Oliveira entende que
historicamente foi construída por parte das comunidades cristãs uma
imagem distorcida da figura do pastor, atribuindo aos pastores
praticamente o título de “semideuses”, cuja atribuição de poder imputada
à pessoa do pastor elimina a possibilidade de que o mesmo externe suas
crises e temores, isto é, qualquer sinal de limitação, desgaste,
fragilidade e cansaço seja ele de ordem física, mental ou espiritual na
realização de suas atividades pessoais e comunitárias.
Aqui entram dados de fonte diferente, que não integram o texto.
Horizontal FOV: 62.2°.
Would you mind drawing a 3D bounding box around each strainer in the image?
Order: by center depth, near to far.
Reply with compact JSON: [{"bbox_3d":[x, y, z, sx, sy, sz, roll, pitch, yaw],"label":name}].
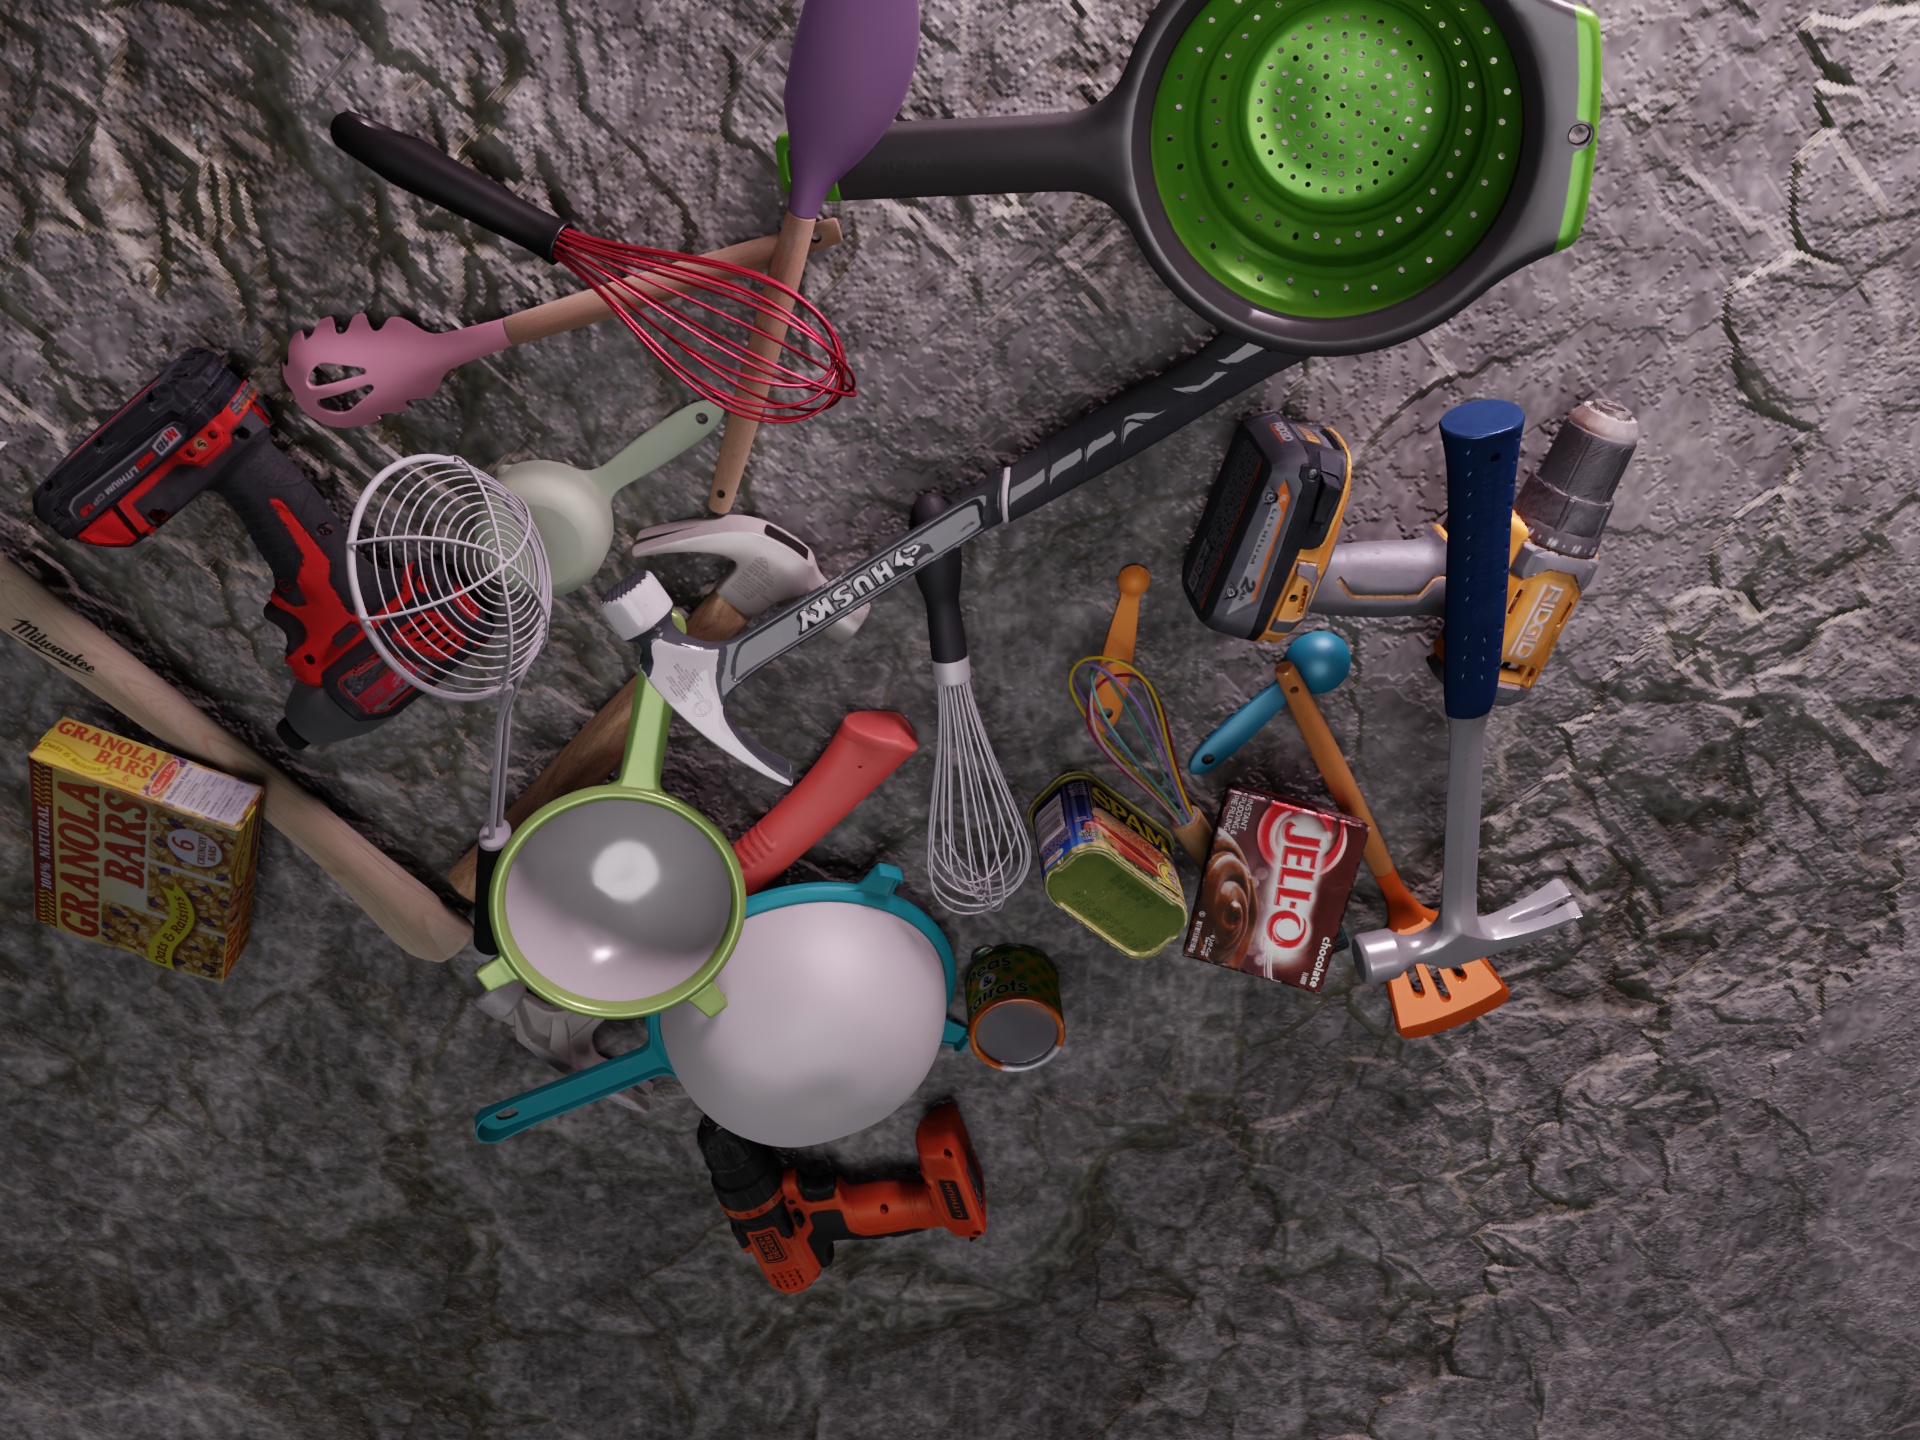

Isso fará com que
ele desenvolva um estilo de vida demasiadamente exaustivo que não se
pode viver por não ser autêntico, podendo o pastor “estar de tal forma
identificado com o seu papel, que se perde a humanidade em função da
profissão”.
Segundo a psicóloga
Dâmaris C. de Araújo Malta, esse estilo de vida, por não ser autêntico,
pode desencadear um quadro doentio de depressão uma vez que a Depressão é
uma síndrome biopsicossocial, um distúrbio de humor. Atualmente é a
doença que mais tem incidência nos consultórios médicos. Em termos
biológicos, há uma alteração fisiológica; em termos psicossociais, a
depressão pode estar relacionada a algum sofrimento individual ou
coletivo. O relacionamento do ser consigo mesmo, com os outros ou com um
Ser Superior influencia seu modo de atuação e percepção do mundo. A
depressão pode ser um resultado da interação do homem com o mundo, que
muitas vezes lhe é inóspito. Pode ser a manifestação da escolha
inautêntica do Ser.
Oliveira destaca três
patologias citadas pelo teólogo Leonardo Boff que podem ser
desencadeadas em função dessa auto desumanização. Trata-se da “negação, a
obsessão e o descuido”.
Na negação, o
“ritmo frenético” em que o pastor desenvolve suas funções faz com que o
mesmo, consciente ou inconscientemente seja indiferente quanto aos
cuidados para consigo mesmo, não respeitando os limites e necessidades
sinalizados pelo seu corpo. Sendo assim, aspectos simples e importantes
relacionados às suas necessidades básicas como “alimentação, sono, lazer
e descanso” são ignorados completamente. Essa negligência tem
contribuição relevante para que haja o desenvolvimento desse processo de
desumanização.
Na obsessão, o
pastor “se perde no enfoque entre cuidado de si mesmo e o do outro,
passando a se proteger de tal forma que prejudica o seu exercício
profissional e suas próprias relações. A relação de ajuda acontece de
forma impessoal, técnica e comercial”.
No descuido,
devido à falta de percepção quanto à importância do cuidado de si mesmo,
o desempenho do cuidador será totalmente comprometido e prejudicado,
tornando sua jornada insustentável mediante o excesso de compromissos e
responsabilidades. O produto desse descuido contribuirá para o aumento
do número de divórcios, doenças e suicídios que acometem os pastores.
A construção dessa
imagem pastoral distorcida desrespeita, deforma e agride a humanidade
desse pastor, contribuindo para que os pastores sabotem de forma oculta
as suas próprias emoções e “temam ao mostrar determinadas emoções e
sentimentos, a dúvida, a fragilidade, os desejos e interesses
estritamente pessoais ou tudo quanto puder ser visto por outros como uma
falha”. A internalização contínua dessas emoções resultará no
desenvolvimento de graves enfermidades de ordem física, mental e
emocional.
Diante dessa realidade, o pastor por sua vez, pressionado a não viver sua humanidade, nega seu cansaço, seus sentimentos de tristeza e fracasso, em seu sofrimento, descuida dos aspectos importantes da sua vida e submete-se em nome da “Obra do Senhor” (e de acordo com a sua visão de ministério) a um ativismo alienante que pode levá-lo a uma vida extremamente solitária. Embora cercado de tantos irmãos, sente-se impedido de expressar seus autênticos sentimentos e sua vida diante deles.
Segundo Camon,
psicoterapeuta e Assessor do Serviço de Atendimento aos Casos de
Urgência e Suicídio da Secretaria de Saúde de São Paulo, essa condição
existencial solitária ao ser vivenciada, consequentemente estabelece uma
filosofia de vida insuportável de se viver por causa do isolamento.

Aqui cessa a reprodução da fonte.